[Records from a data collection]
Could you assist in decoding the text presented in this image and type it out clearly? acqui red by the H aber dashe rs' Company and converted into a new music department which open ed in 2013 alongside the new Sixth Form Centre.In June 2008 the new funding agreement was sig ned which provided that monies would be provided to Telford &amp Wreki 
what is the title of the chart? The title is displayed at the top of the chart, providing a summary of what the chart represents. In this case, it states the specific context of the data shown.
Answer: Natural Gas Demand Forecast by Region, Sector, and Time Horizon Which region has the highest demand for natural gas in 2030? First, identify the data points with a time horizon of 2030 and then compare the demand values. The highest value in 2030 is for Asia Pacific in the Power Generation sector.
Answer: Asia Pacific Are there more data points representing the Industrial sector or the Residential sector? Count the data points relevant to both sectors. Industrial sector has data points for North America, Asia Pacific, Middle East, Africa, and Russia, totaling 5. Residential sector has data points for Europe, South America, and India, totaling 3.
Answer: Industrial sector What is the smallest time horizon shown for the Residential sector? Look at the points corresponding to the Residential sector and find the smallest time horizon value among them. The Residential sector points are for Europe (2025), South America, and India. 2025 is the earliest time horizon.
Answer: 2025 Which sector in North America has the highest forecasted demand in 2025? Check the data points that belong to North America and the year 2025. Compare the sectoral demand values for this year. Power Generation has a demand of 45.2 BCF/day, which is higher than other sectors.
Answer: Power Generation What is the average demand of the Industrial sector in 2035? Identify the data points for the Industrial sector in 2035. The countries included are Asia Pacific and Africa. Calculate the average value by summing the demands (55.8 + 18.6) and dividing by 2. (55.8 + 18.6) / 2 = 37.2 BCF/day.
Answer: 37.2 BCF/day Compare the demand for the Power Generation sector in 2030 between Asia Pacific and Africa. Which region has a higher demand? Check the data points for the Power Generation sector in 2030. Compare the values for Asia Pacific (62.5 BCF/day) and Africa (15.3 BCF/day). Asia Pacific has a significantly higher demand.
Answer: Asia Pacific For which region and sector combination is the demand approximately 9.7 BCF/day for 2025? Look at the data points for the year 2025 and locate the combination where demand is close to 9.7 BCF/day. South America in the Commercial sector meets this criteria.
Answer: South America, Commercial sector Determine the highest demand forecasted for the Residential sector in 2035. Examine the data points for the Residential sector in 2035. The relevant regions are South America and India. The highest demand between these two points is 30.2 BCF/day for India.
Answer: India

Problem
Write out only the lines that run from the line containing "what is the title" through the line containing "Answer: Asia Pacific Are", both included, exactly as they appear above.

Completed exercise
what is the title of the chart? The title is displayed at the top of the chart, providing a summary of what the chart represents. In this case, it states the specific context of the data shown.
Answer: Natural Gas Demand Forecast by Region, Sector, and Time Horizon Which region has the highest demand for natural gas in 2030? First, identify the data points with a time horizon of 2030 and then compare the demand values. The highest value in 2030 is for Asia Pacific in the Power Generation sector.
Answer: Asia Pacific Are there more data points representing the Industrial sector or the Residential sector? Count the data points relevant to both sectors. Industrial sector has data points for North America, Asia Pacific, Middle East, Africa, and Russia, totaling 5. Residential sector has data points for Europe, South America, and India, totaling 3.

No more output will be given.